══ Data excerpt
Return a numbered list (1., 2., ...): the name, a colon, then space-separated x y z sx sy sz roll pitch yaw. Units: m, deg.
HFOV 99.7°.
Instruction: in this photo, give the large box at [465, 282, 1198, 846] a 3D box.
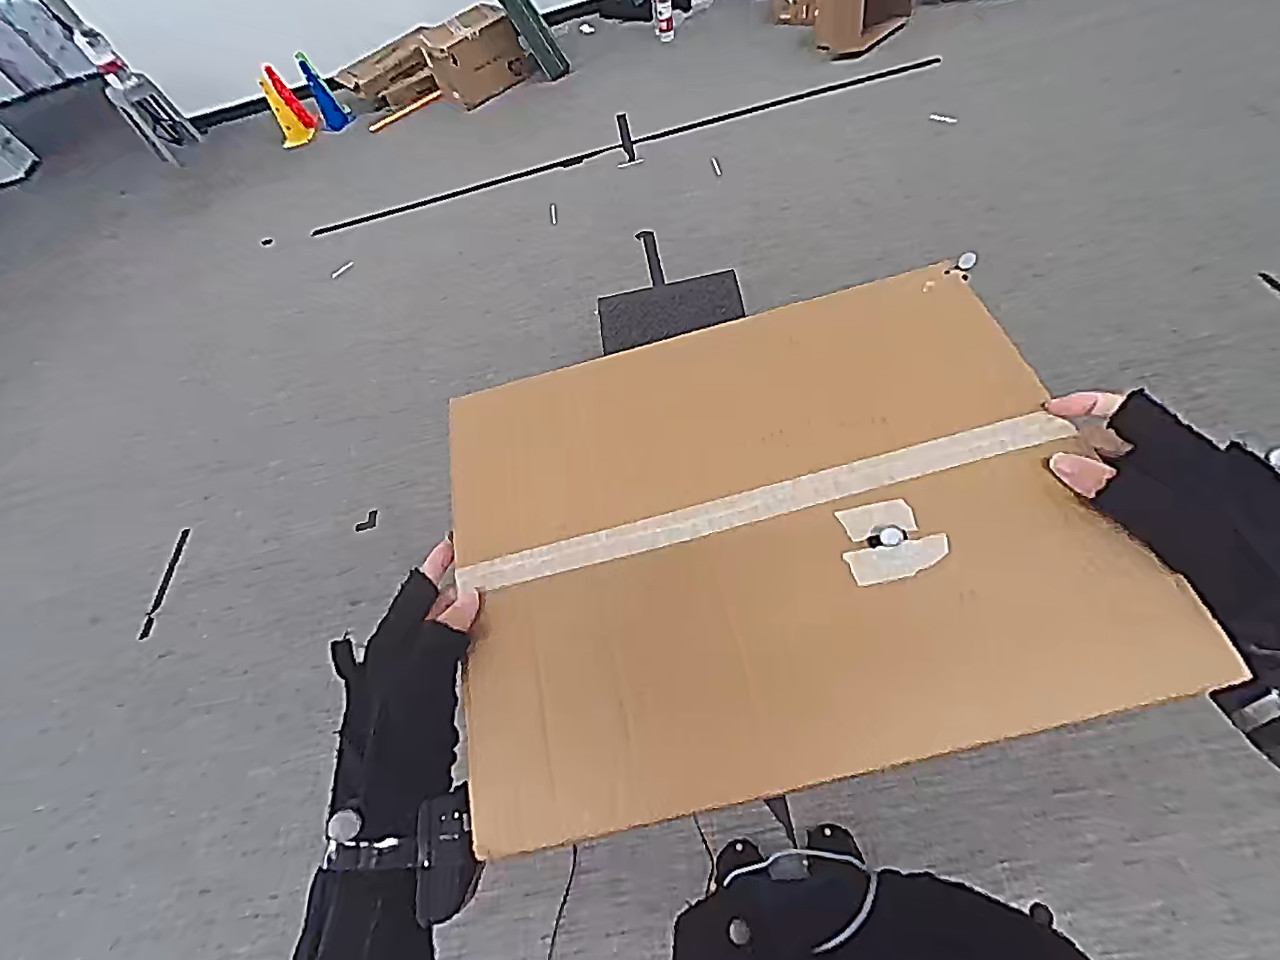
1. large box: 0.100 0.090 0.496 0.408 0.320 0.320 -15 62 2
════
» Work request
Output only these lines, word for word: the line containing "HFOV 99.7°." and every line after it through the last line of the data. Omit the pictures.

» Answer for this exercise
HFOV 99.7°.
Instruction: in this photo, give the large box at [465, 282, 1198, 846] a 3D box.
1. large box: 0.100 0.090 0.496 0.408 0.320 0.320 -15 62 2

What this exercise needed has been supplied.